··· INFORMATION SHOWN ···
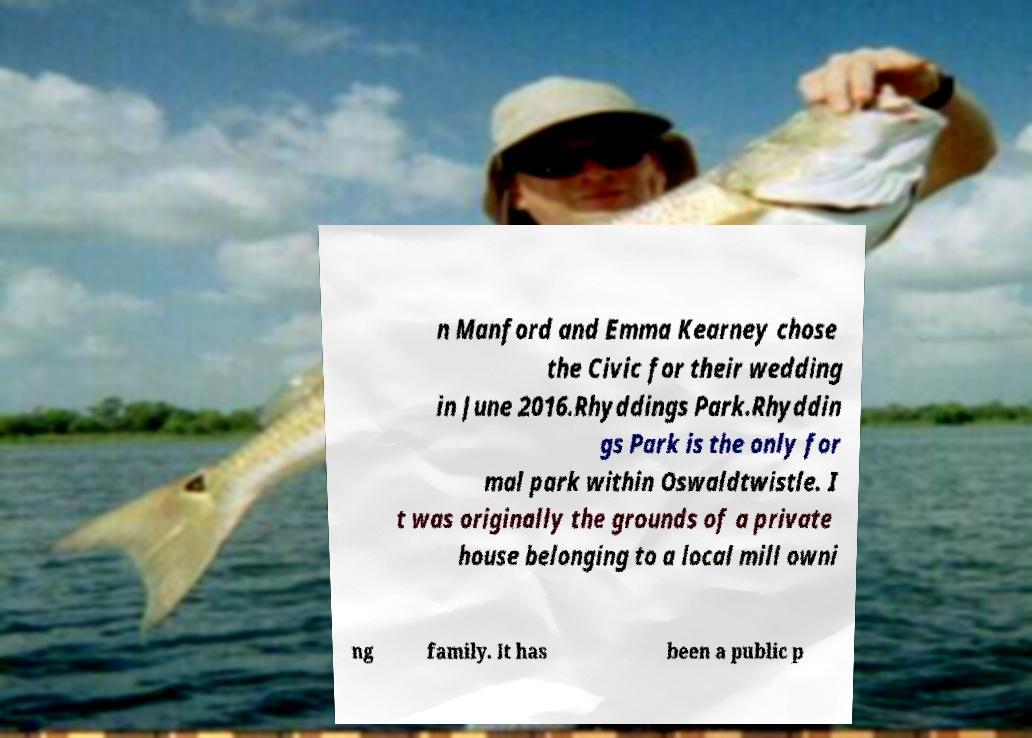For documentation purposes, I need the text within this image transcribed. Could you provide that? n Manford and Emma Kearney chose the Civic for their wedding in June 2016.Rhyddings Park.Rhyddin gs Park is the only for mal park within Oswaldtwistle. I t was originally the grounds of a private house belonging to a local mill owni ng family. It has been a public p 
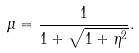Convert formula to latex. <formula><loc_0><loc_0><loc_500><loc_500>\mu = \frac { 1 } { 1 + \sqrt { 1 + \eta ^ { 2 } } } .</formula> 
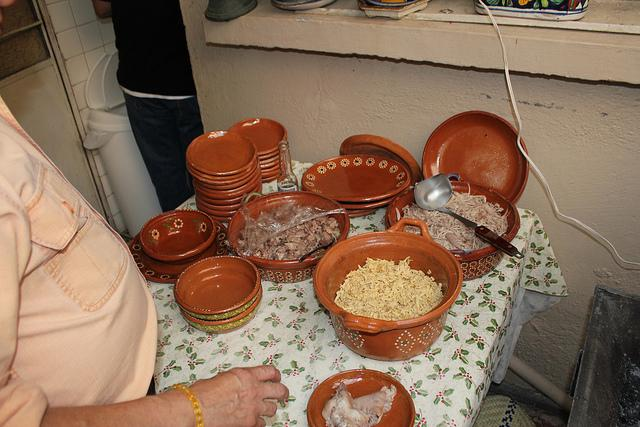Where is this food located? table 
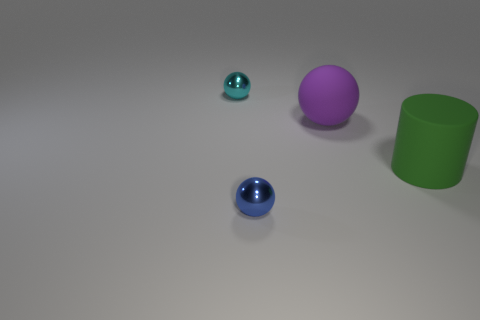There is a thing that is behind the big green thing and right of the cyan sphere; what material is it?
Give a very brief answer. Rubber. Does the metallic sphere that is in front of the large green matte thing have the same color as the small ball that is behind the large cylinder?
Offer a terse response. No. How many other objects are there of the same size as the purple rubber ball?
Offer a terse response. 1. Are there any purple balls that are behind the metal ball that is left of the metal thing in front of the big purple rubber ball?
Provide a succinct answer. No. Is the material of the small sphere that is to the right of the cyan metal object the same as the cylinder?
Provide a short and direct response. No. The other tiny object that is the same shape as the small cyan metal object is what color?
Provide a succinct answer. Blue. Is there any other thing that is the same shape as the tiny blue object?
Offer a terse response. Yes. Is the number of spheres that are in front of the tiny cyan sphere the same as the number of cyan metallic balls?
Ensure brevity in your answer.  No. Are there any large things in front of the cyan sphere?
Keep it short and to the point. Yes. What size is the metallic ball that is to the right of the small sphere that is behind the big object that is right of the big purple matte ball?
Give a very brief answer. Small. 
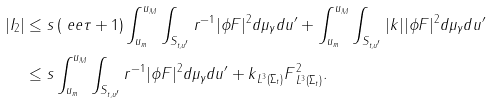Convert formula to latex. <formula><loc_0><loc_0><loc_500><loc_500>| I _ { 2 } | & \leq s \left ( \ e e \tau + 1 \right ) \int _ { u _ { m } } ^ { u _ { M } } \int _ { S _ { t , u ^ { \prime } } } r ^ { - 1 } | \phi F | ^ { 2 } d \mu _ { \gamma } d u ^ { \prime } + \int _ { u _ { m } } ^ { u _ { M } } \int _ { S _ { t , u ^ { \prime } } } | k | | \phi F | ^ { 2 } d \mu _ { \gamma } d u ^ { \prime } \\ & \leq s \int _ { u _ { m } } ^ { u _ { M } } \int _ { S _ { t , u ^ { \prime } } } r ^ { - 1 } | \phi F | ^ { 2 } d \mu _ { \gamma } d u ^ { \prime } + \| k \| _ { L ^ { 3 } ( \Sigma _ { t } ) } \| F \| _ { L ^ { 3 } ( \Sigma _ { t } ) } ^ { 2 } .</formula> 
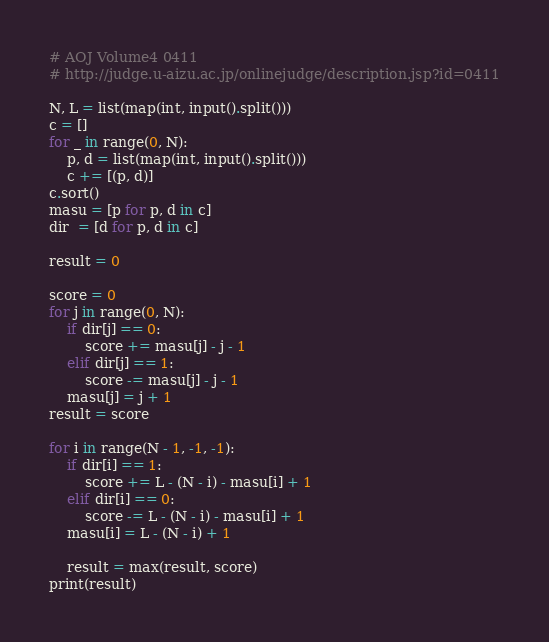Convert code to text. <code><loc_0><loc_0><loc_500><loc_500><_Python_># AOJ Volume4 0411
# http://judge.u-aizu.ac.jp/onlinejudge/description.jsp?id=0411

N, L = list(map(int, input().split()))
c = []
for _ in range(0, N):
    p, d = list(map(int, input().split()))
    c += [(p, d)]
c.sort()
masu = [p for p, d in c]
dir  = [d for p, d in c]

result = 0

score = 0
for j in range(0, N):
    if dir[j] == 0:
        score += masu[j] - j - 1
    elif dir[j] == 1:
        score -= masu[j] - j - 1
    masu[j] = j + 1
result = score

for i in range(N - 1, -1, -1):
    if dir[i] == 1:
        score += L - (N - i) - masu[i] + 1
    elif dir[i] == 0:
        score -= L - (N - i) - masu[i] + 1
    masu[i] = L - (N - i) + 1
    
    result = max(result, score)
print(result)

</code> 
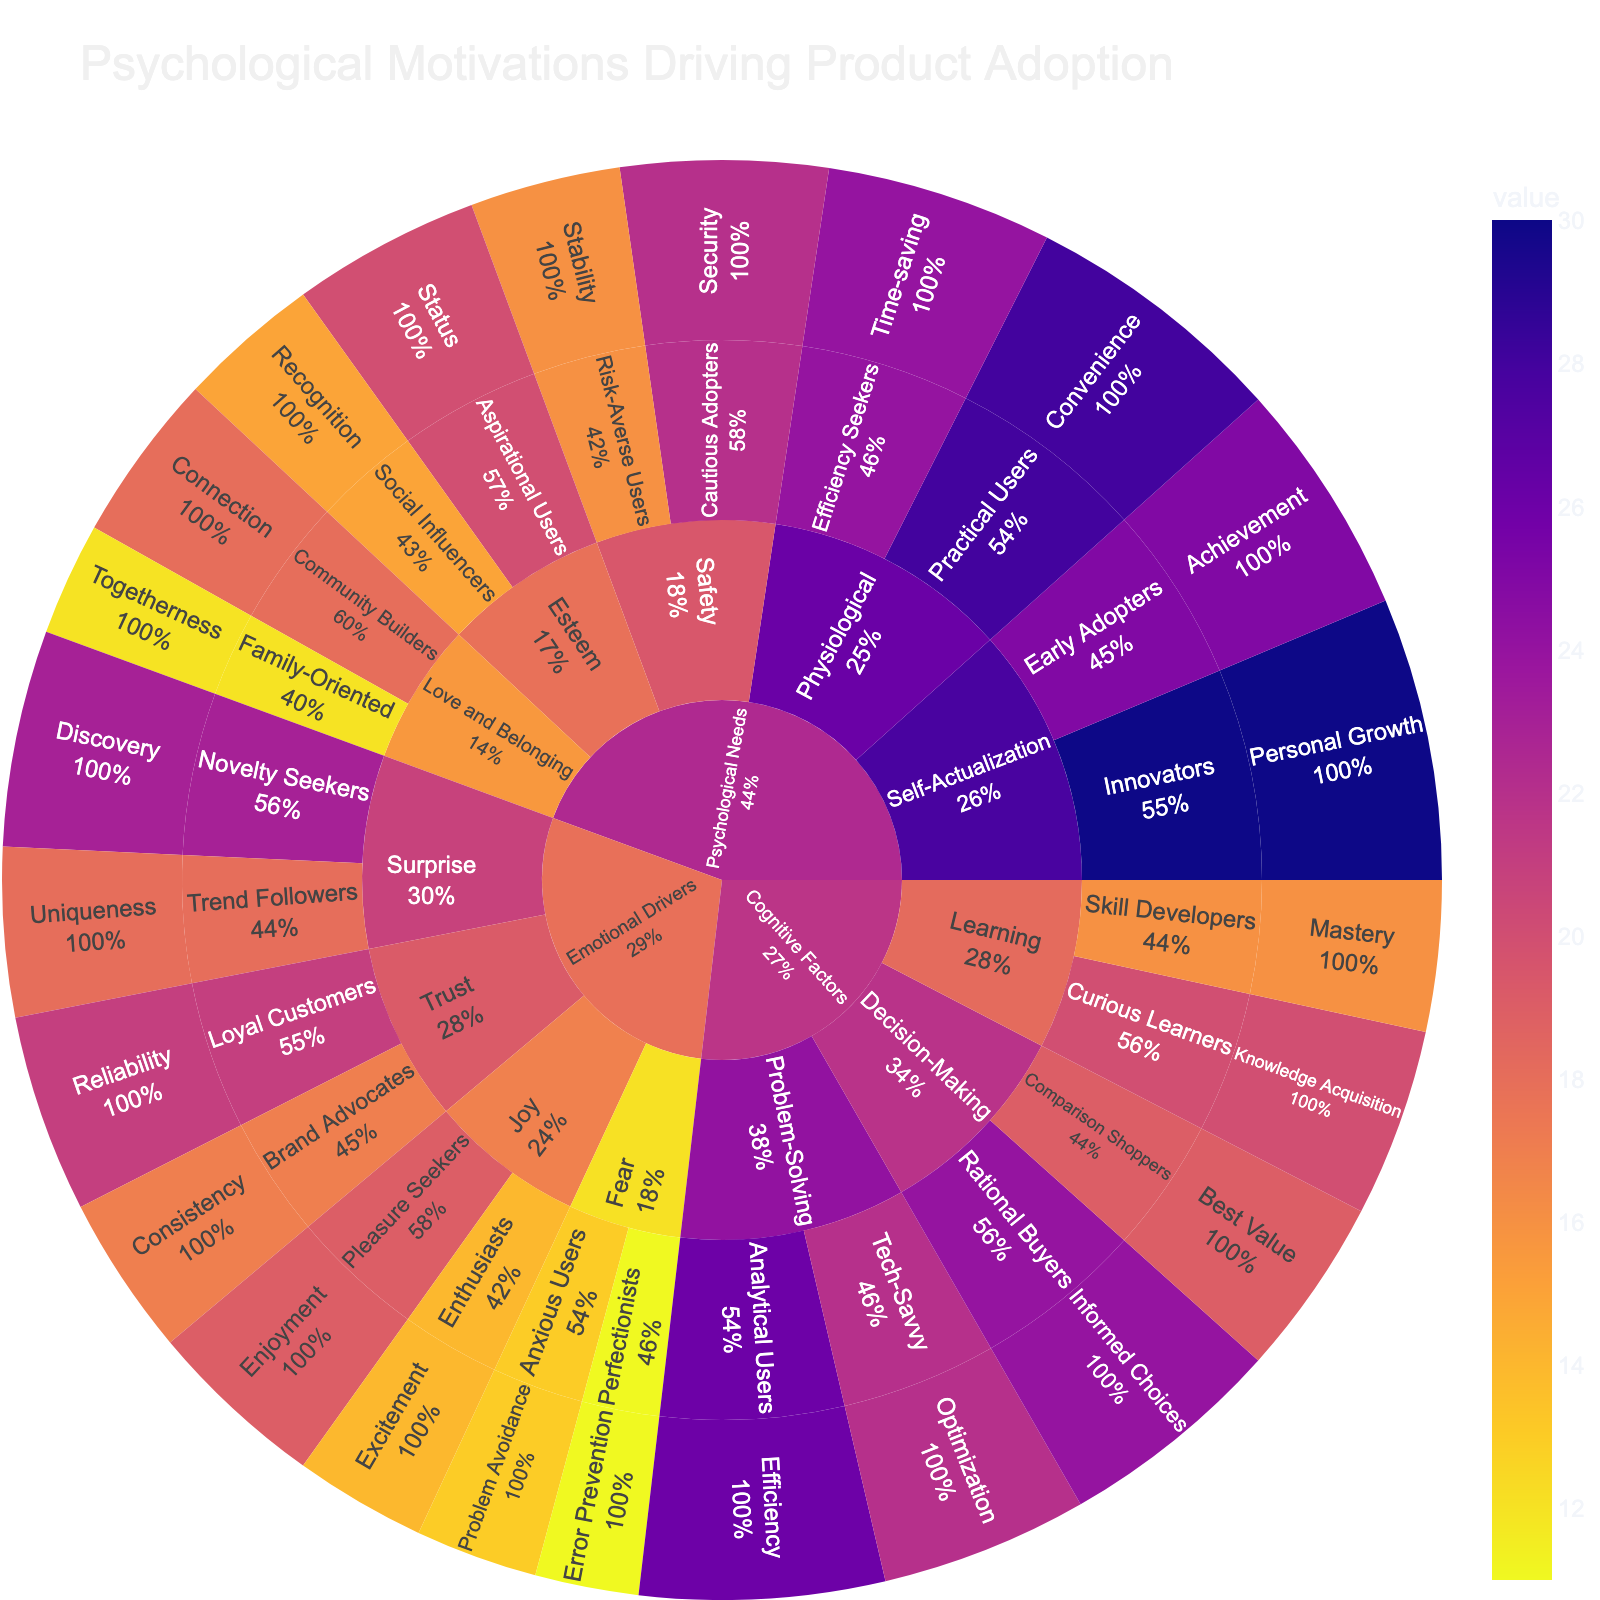What is the value associated with the 'Convenience' motivation for Practical Users? Locate the 'Physiological' subcategory under 'Psychological Needs', then identify the 'Practical Users' persona and the 'Convenience' motivation. The value is indicated next to 'Convenience'.
Answer: 28 What is the combined value of motivations under 'Self-Actualization'? Locate the 'Self-Actualization' subcategory, sum the values of 'Personal Growth' (30) and 'Achievement' (25).
Answer: 55 Which persona has the highest value in the 'Cognitive Factors' category? In the 'Cognitive Factors' category, look at the personas across subcategories. The maximum value is 26 for 'Analytical Users' under 'Problem-Solving'.
Answer: Analytical Users What is the difference in value between 'Problem Avoidance' for 'Anxious Users' and 'Error Prevention' for 'Perfectionists'? Identify the values for 'Problem Avoidance' (13) and 'Error Prevention' (11) under the 'Fear' subcategory in 'Emotional Drivers'. Calculate the difference, 13 - 11.
Answer: 2 What percentage of parent does 'Mastery' for Skill Developers hold in the 'Learning' subcategory? Locate 'Skill Developers' in the 'Learning' subcategory under 'Cognitive Factors'. The percentage can be found in the sunburst plot's details when hovering over 'Mastery'.
Answer: The plot details will show this; examine the exact value there Which subcategory within 'Emotional Drivers' contains the highest total value of motivations? Add values within each subcategory of 'Emotional Drivers': Joy (19+14), Trust (21+17), Fear (13+11), Surprise (23+18). The highest sum is 41 for Trust.
Answer: Trust How does the value of 'Stability' for Risk-Averse Users compare to 'Security' for Cautious Adopters in 'Safety'? In 'Safety', compare 'Stability' (16) for Risk-Averse Users and 'Security' (22) for Cautious Adopters. 16 < 22, so 'Stability' is lower.
Answer: Stability is lower What is the average value of motivations in the 'Love and Belonging' subcategory? Add the values of 'Connection' (18) and 'Togetherness' (12) in 'Love and Belonging', then divide by 2. (18+12)/2 = 15
Answer: 15 How many user personas are there in the 'Decision-Making' subcategory? Count the distinct personas listed under 'Decision-Making' in the 'Cognitive Factors' category. They are 'Rational Buyers' and 'Comparison Shoppers'.
Answer: 2 What is the total value of all motivations under 'Psychological Needs'? Add values from all subcategories under 'Psychological Needs': 30, 25, 20, 15, 18, 12, 22, 16, 28, 24. Sum these values.
Answer: 210
···
Your reply should consist solely of the lines above from the line containing "Where is this food located? table" up to and including the line containing "Ensure brevity in", reproduced exactly, minus the pictures.

Where is this food located? table 
There is a thing that is behind the big green thing and right of the cyan sphere; what material is it?
Give a very brief answer. Rubber. Does the metallic sphere that is in front of the large green matte thing have the same color as the small ball that is behind the large cylinder?
Offer a terse response. No. How many other objects are there of the same size as the purple rubber ball?
Offer a terse response. 1. Are there any purple balls that are behind the metal ball that is left of the metal thing in front of the big purple rubber ball?
Provide a succinct answer. No. Is the material of the small sphere that is to the right of the cyan metal object the same as the cylinder?
Provide a short and direct response. No. The other tiny object that is the same shape as the small cyan metal object is what color?
Provide a succinct answer. Blue. Is there any other thing that is the same shape as the tiny blue object?
Offer a terse response. Yes. Is the number of spheres that are in front of the tiny cyan sphere the same as the number of cyan metallic balls?
Ensure brevity in your answer.  No. Are there any large things in front of the cyan sphere?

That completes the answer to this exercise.